Algo en el contacto de sus manos la hizo sentirse rara. La voz no le salió con la fuerza que hubiera debido.

– ¿Y si no encuentra nada más?

– Lo descarto -contestó con sencillez-. Vamos, el té se enfría.

– Señor Atkins -Ryan dejó que Pierce la llevara hasta una silla-. No quisiera ofenderlo. No puedo permitirme ofenderlo, pero… creo que es un hombre muy extraño -finalizó tras exhalar un suspiro de frustración.

Sonrió. A Ryan le encantó que los ojos de Pierce sonrieran un instante antes de que lo hiciera su boca.

– Me ofendería si no creyera que soy extraño, señorita Swan. No deseo que me consideren una persona corriente.
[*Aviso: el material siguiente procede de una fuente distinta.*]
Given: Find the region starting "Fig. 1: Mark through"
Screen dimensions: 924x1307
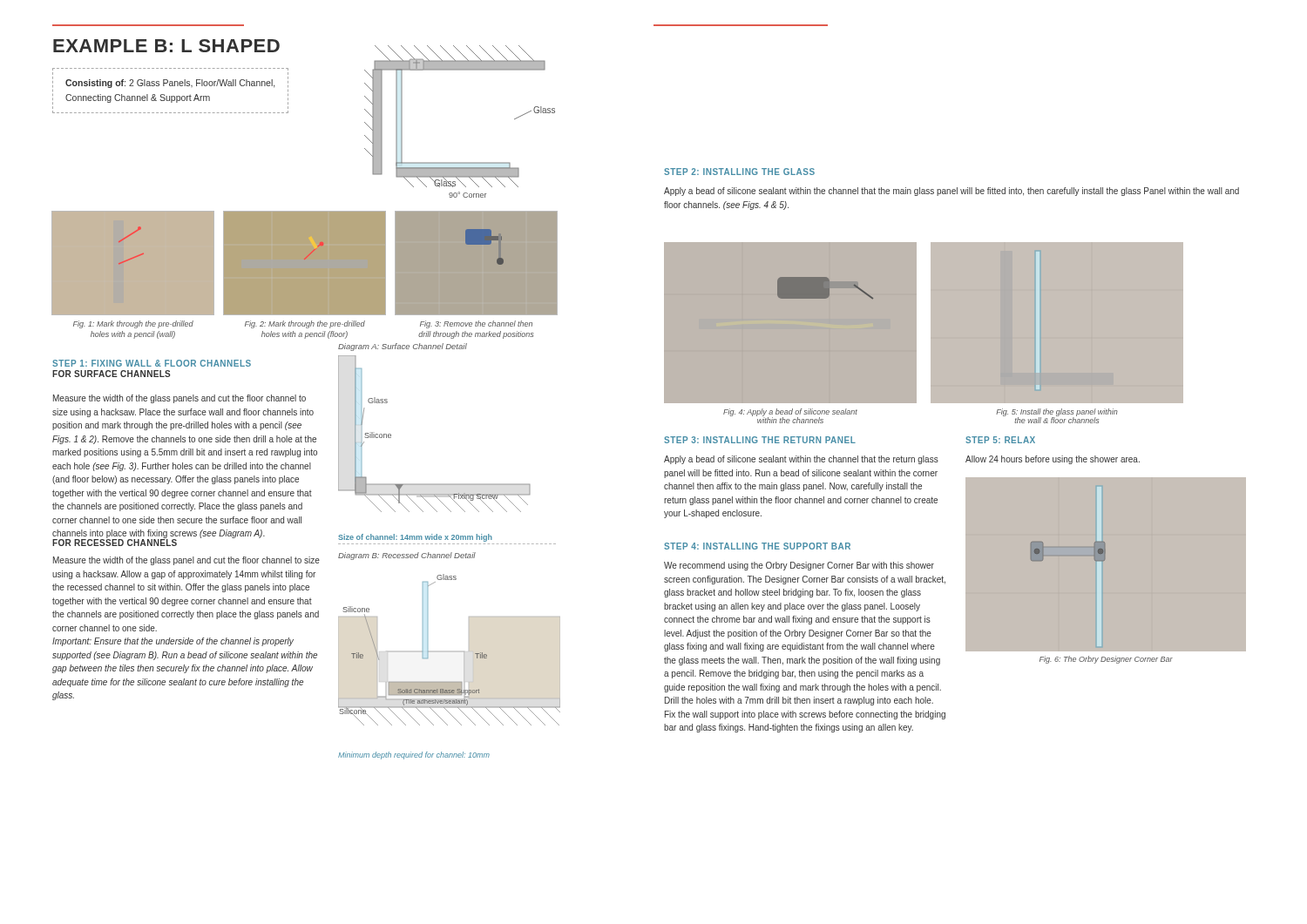Looking at the screenshot, I should [x=133, y=329].

Empezaba a fascinarla. Ryan siempre había tenido cuidado de mantener la objetividad en las negociaciones con clientes de talento. Era importante no dejarse impresionar. Si se dejaba impresionar, podía acabar añadiendo cláusulas en los contratos y haciendo promesas precipitadas.

– Señor Atkins, respecto a nuestra oferta…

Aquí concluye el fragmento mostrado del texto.